Dev Diary - Pushing down data extraction logic to the operational system environment
Written by Roelant Vos on 3.6.2022
In some scenarios, when a 'source' operational system shares the technical environment with the data solution, it can be efficient to make sure all processing occurs on this environment. This way, the data does not have to 'leave' the environment to be processed.
In most cases, operational systems are hosted on different environments than the one(s) that host the data solution, which means that data first needs to be brought into the data solution for further processing.
If, however, the environment of an operational system is the same as that of the data solution, this initial 'landing' or 'staging' step does not require the data to be processed via an external route. In other words, it becomes possible to 'push down' data staging logic to this shared environment. This way, the delta detection and integration of the resulting data delta into the data solution all occurs in the environment, and not by using separate data transformations in for example SQL Server integration Services (SSIS) or Azure Data Factory (ADF).
Pushdown is sometimes referred to as 'ELT', (Extract, Load and then Transform) as opposed to the 'ETL' (Extract, Transform and then Load) paradigm. While these terms may not always be clear or helpful, generally speaking ELT / pushdown means that most code is directly running on the native environment whereas ETL signals most code is running as part of a separate transformation engine not directly related to the environment.
Currently in BimlFlex, the source-to-staging processes that follow the ELT paradigm always use either a SSIS or an ADF Copy activity to move the data onto the data solution environment before the processing can start.
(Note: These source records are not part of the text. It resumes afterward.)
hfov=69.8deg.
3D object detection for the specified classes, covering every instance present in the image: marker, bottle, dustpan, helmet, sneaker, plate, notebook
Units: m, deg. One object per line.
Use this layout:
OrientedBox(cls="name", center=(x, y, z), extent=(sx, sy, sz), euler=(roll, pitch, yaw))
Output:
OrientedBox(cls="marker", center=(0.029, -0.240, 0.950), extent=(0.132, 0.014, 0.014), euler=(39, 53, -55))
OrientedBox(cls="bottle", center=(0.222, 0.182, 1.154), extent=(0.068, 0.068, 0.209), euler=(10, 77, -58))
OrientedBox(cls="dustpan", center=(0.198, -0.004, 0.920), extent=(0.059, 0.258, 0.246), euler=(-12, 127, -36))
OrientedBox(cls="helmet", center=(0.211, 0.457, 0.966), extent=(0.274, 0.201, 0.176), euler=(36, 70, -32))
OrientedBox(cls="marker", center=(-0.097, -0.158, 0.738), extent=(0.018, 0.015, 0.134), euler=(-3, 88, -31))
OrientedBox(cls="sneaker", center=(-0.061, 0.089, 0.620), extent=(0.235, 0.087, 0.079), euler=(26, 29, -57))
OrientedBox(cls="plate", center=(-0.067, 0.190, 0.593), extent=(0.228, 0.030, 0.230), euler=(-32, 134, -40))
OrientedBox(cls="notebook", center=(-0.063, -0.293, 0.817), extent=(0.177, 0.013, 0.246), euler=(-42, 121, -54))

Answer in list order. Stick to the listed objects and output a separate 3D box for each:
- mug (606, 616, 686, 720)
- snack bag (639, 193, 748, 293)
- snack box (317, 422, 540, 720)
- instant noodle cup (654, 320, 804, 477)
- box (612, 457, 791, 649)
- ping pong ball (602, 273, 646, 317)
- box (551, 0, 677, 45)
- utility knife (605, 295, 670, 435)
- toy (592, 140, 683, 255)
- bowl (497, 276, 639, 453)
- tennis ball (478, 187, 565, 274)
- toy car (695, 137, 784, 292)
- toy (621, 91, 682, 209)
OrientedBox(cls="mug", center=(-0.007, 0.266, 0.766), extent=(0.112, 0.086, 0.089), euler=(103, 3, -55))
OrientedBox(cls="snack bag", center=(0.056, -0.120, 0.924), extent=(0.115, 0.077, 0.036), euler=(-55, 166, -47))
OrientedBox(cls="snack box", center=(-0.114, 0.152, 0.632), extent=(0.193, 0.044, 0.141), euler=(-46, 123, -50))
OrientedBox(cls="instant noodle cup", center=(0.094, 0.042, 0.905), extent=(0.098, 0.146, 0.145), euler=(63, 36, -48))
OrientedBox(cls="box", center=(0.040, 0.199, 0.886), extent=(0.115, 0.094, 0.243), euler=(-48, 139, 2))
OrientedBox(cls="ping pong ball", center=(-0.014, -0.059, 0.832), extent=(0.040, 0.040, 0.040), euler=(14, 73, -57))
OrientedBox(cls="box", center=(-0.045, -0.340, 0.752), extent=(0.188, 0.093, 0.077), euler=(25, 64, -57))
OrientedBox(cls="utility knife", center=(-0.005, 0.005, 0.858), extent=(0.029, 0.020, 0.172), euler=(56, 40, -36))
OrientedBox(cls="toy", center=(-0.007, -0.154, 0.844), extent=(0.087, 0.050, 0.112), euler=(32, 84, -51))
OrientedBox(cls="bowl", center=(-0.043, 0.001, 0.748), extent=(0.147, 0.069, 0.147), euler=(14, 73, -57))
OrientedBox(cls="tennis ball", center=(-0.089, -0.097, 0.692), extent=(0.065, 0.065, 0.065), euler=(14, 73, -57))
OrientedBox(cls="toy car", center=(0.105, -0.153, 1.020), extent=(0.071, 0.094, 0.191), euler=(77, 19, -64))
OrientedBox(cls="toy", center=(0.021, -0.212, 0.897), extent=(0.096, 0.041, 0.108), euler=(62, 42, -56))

In the scenario outlined above, when the operational system is hosted on the same environment as the data solution, this landing step can be skipped.
With the 2022 R2 release, it will now be possible to use the new Pushdown Extraction feature to deliver this outcome, and make sure the integration of data in the solution can be achieved without requiring the additional landing step or Copy Activity.
Enabling Pushdown Extraction at Project level will direct BimlFlex to generate Stored Procedures that replace the initial landing of data using SSIS and/or ADF.